Adam Sandler: I Now Pronounce You Chuck and Larry -- 2007

Adam Sandler doesn't play gay in I Now Pronounce You Chuck and Larry -- he plays a guy who pretends to be gay to get domestic partner benefits, which is even more offensive. The film has its moments, but Sandler is grating as usual (much more so than Kevin James), and the whole concept that these straight guys have a sort of epiphany about gay rights gets lost in the shuffle.

Al Pacino: Cruising -- 1980

As a straight cop who dons a gold chain and tight black tank top as an undercover disguise while investigating a gay murder in New York's S/M scene, Pacino's performance is practically legendary--but for the wrong reasons. Though this isn't Pacino's worst performance, it's definitely his most disconnected. But who can blame him, as gay activists frequently disrupted the film while it was shooting. He fared much better the next time he played a gay character -- Roy Cohn in 2004's Angels in America.

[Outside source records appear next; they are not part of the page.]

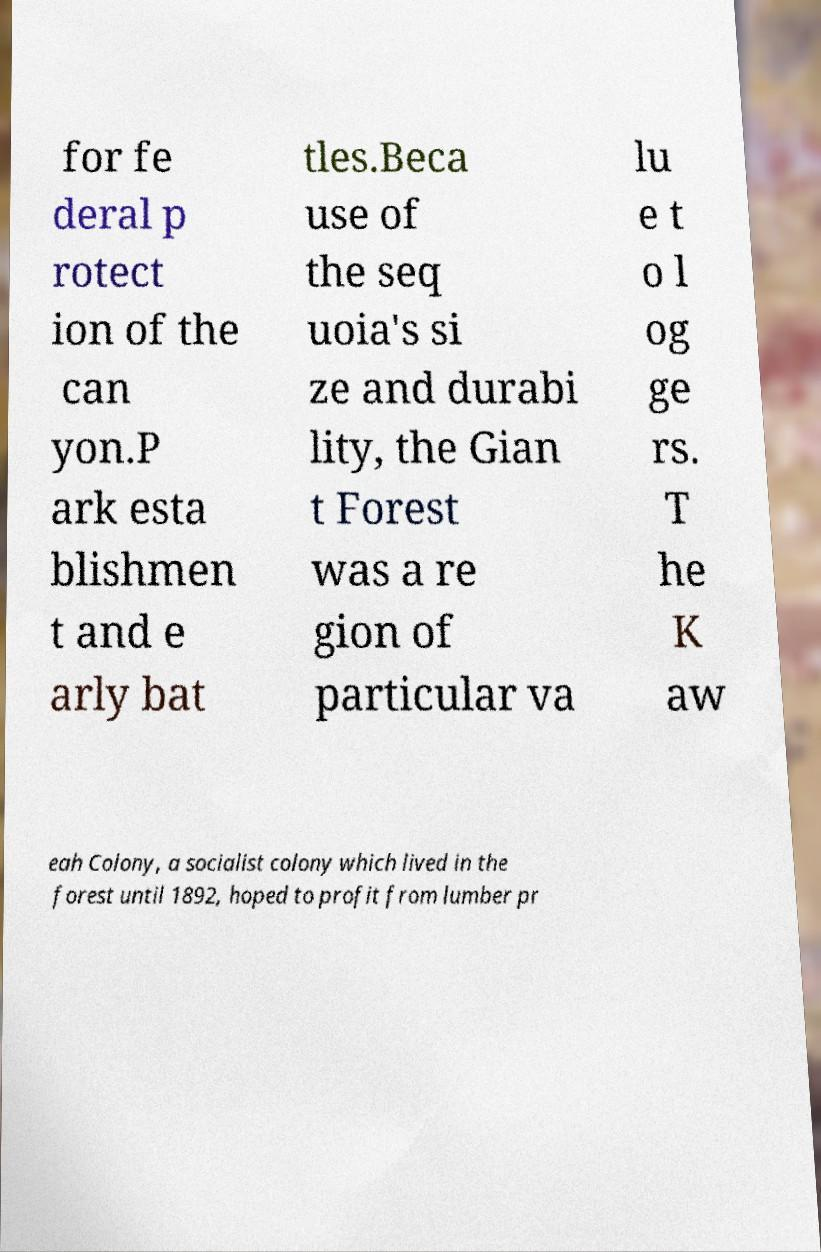Can you read and provide the text displayed in the image?This photo seems to have some interesting text. Can you extract and type it out for me? for fe deral p rotect ion of the can yon.P ark esta blishmen t and e arly bat tles.Beca use of the seq uoia's si ze and durabi lity, the Gian t Forest was a re gion of particular va lu e t o l og ge rs. T he K aw eah Colony, a socialist colony which lived in the forest until 1892, hoped to profit from lumber pr 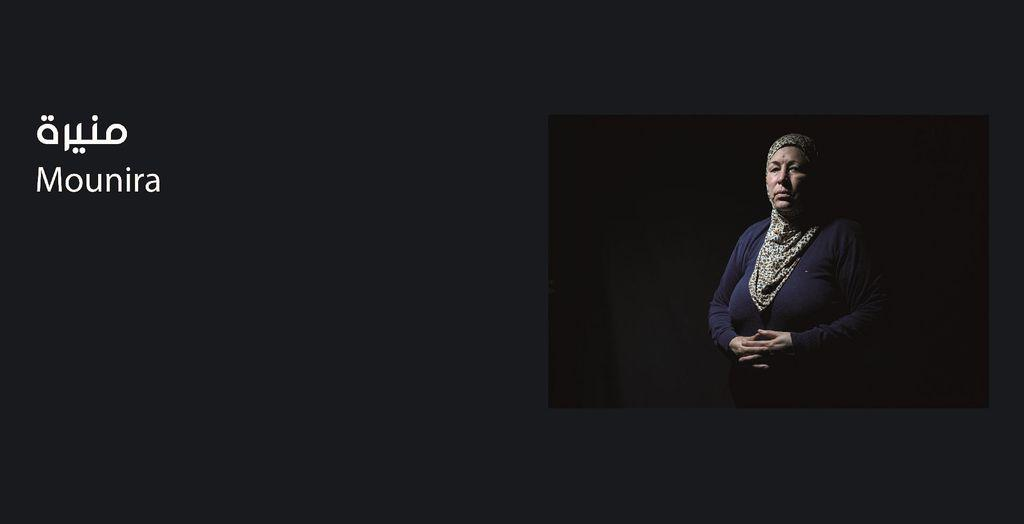Who is the main subject in the image? There is a woman in the image. What is the woman wearing? The woman is wearing a blue dress. Where is the woman located in the image? The woman is on the right side of the image. Can you read the woman's name in the image? The woman's name is on the left side of the poster. What type of hat is the woman wearing in the image? There is no hat visible in the image; the woman is wearing a blue dress. Can you describe the sidewalk in the image? There is no sidewalk present in the image; it features a woman on the right side of the image and a poster with her name on the left side. 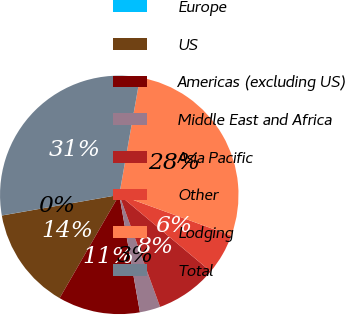Convert chart to OTSL. <chart><loc_0><loc_0><loc_500><loc_500><pie_chart><fcel>Europe<fcel>US<fcel>Americas (excluding US)<fcel>Middle East and Africa<fcel>Asia Pacific<fcel>Other<fcel>Lodging<fcel>Total<nl><fcel>0.01%<fcel>13.89%<fcel>11.11%<fcel>2.79%<fcel>8.34%<fcel>5.56%<fcel>27.76%<fcel>30.54%<nl></chart> 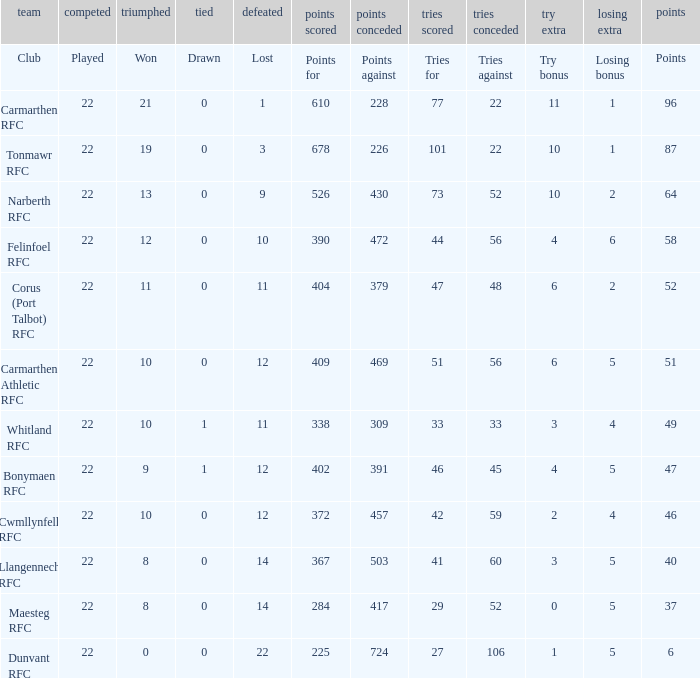Name the try bonus of points against at 430 10.0.

Christina Ricci: Monster -- 2003

Charlize Theron's career-defining performance as rape victim turned killer Aileen Wuornos was made to look even better opposite Ricci's whiny, unbalanced work as her runaway girlfriend Shelby. Ricci has turned in some fine performances in her career (most notably in The Opposite of Sex), but this is not one of them, and she almost single-handedly drags the entire film down with her.

Michael Greer: The Gay Deceivers -- 1969

The year of the Stonewall riots was obviously a bad one for gay characters in the movies, as this exploitative curiosity proves. Two straight draft dodgers pretend to be a couple and move into a gay housing complex managed by Malcolm (Michael Greer, center), the swishiest homosexual in San Francisco. Hilarity doesn't ensue. Perhaps the blame doesn't rest entirely with Greer, who was gay, and is reported to have lobbied the director to tone down the negative characteristic of his flamboyant character, such as practically having a nervous breakdown when someone steps in his flowerbed.

Barbara Stanwyck: Walk on the Wild Side -- 1962

A script this lousy could defeat even the usually dependable Stanwyck. As a neurotic New Orleans madam obsessed with her star hooker (Capucine), Stanwyck launches into overblown Bette Davis-mode, devouring the scenery of her Doll House bordello in an effort to make this lurid melodrama work.

Boat Trip: 2002

Some movies are just so abysmally bad, everything about them is worth mentioning. Boat Trip -- one of many terrible films in Cuba Gooding Jr.'s post Jerry Maguire career -- follows two down-and-out friends who accidentally find themselves on a gay cruise. Every character on the boat is a stale, hypersexualized stereotype, and the antigay gags fly fast and furious. When originally reviewed in The Advocate, we wrote that it was "too terrible to protest." Enough said.